How much Arabic do I realistically need for a two-week trip?

Less than most travelers expect, but more than zero. With 8 to 16 hour-long lessons spread over the weeks before the trip, most students walk away with the survival phrases, numbers, food and direction vocabulary, basic hospitality register, and country-specific dialect touches that cover roughly 80 percent of daily traveler situations. The honest framing: a small amount of Arabic changes how you are treated everywhere you go, and the marginal return on the first 200 active words is much higher than the return on the next 1000.

What about the prayer-time pause and Ramadan?

The call to prayer sounds five times a day across most Arab cities. In Saudi Arabia and a few Gulf countries, many shops close for 10 to 15 minutes during each prayer; elsewhere businesses stay open. Friday's noon prayer (Jumuʿa) closes shops more broadly in some countries. If your trip falls during Ramadan, the daytime restaurant rhythm shifts, public eating in front of fasting people is impolite, and the evening iftar meal becomes the day's social center. Your tutor will brief you on the rhythm of the specific country you are visiting.

Tell me about the right-hand rule. Is this still strict?

Less strict than it used to be in younger urban contexts, where many people are visibly left-handed and no one objects. Still relevant in more traditional settings, especially in the Gulf, in older generations, and in shared communal meals. The rule: the right hand is used for eating, handing things to people, shaking hands, and waving. The left is reserved for hygiene and is considered impolite for food or money. A traveler who uses the right hand by default avoids any awkward moment.

Are your tutors native Arabic speakers with travel-context experience?

Most are native speakers from across the Arab world (Egypt, the Levant, the Gulf, Morocco) with experience teaching travelers.

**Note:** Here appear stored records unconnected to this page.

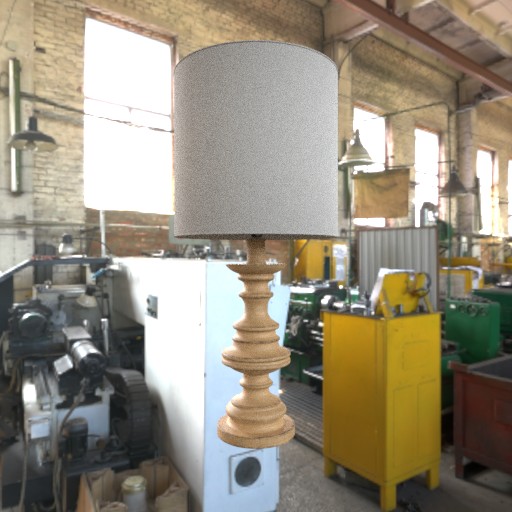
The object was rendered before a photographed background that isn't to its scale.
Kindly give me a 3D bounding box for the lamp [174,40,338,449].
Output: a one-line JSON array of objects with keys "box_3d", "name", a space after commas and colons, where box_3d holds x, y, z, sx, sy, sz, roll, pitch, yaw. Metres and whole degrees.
[{"box_3d": [0.000, 0.000, 0.572, 0.208, 0.455, 0.208, 0, 0, 17], "name": "lamp"}]
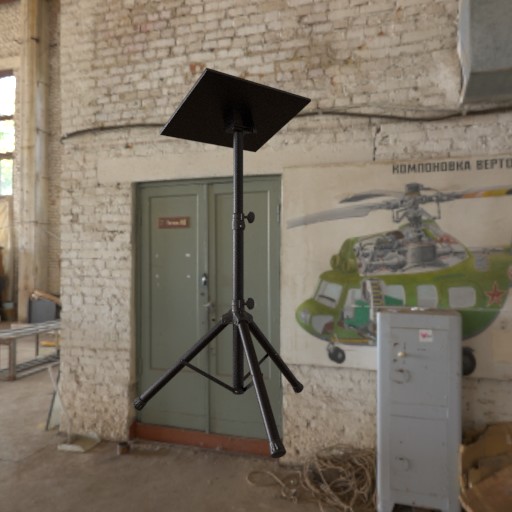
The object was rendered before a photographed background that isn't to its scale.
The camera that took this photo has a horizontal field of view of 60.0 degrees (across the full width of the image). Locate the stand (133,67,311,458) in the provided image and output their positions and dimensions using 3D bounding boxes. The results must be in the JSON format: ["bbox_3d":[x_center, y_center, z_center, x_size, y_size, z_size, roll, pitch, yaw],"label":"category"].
[{"bbox_3d":[0.000,0.000,1.665,0.702,1.198,0.702,1,-1,-36],"label":"stand"}]

Each tutor's bio specifies background, regional expertise, and the dialect they teach. If your itinerary calls for a tutor with specific regional knowledge, mention it at the trial and we will route accordingly within our wider Arabic network.

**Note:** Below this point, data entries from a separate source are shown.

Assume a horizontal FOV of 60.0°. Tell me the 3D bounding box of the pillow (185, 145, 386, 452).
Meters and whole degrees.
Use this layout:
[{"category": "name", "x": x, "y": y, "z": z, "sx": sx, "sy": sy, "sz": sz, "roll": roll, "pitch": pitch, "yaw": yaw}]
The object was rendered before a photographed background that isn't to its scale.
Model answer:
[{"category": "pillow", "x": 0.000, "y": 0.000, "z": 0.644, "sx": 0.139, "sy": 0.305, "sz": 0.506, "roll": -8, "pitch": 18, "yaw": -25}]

Can lessons happen online before the trip?

Yes, and this is how most travel-Arabic students take lessons. Online via Zoom or Jitsi works well for the role-play heavy travel-Arabic curriculum, because the tutor can simulate a souk haggle, a taxi exchange, a restaurant order, or a mosque visit through scenario-based practice. In-person lessons in the Los Angeles area are possible by arrangement. The booking widget on each tutor's profile shows available formats.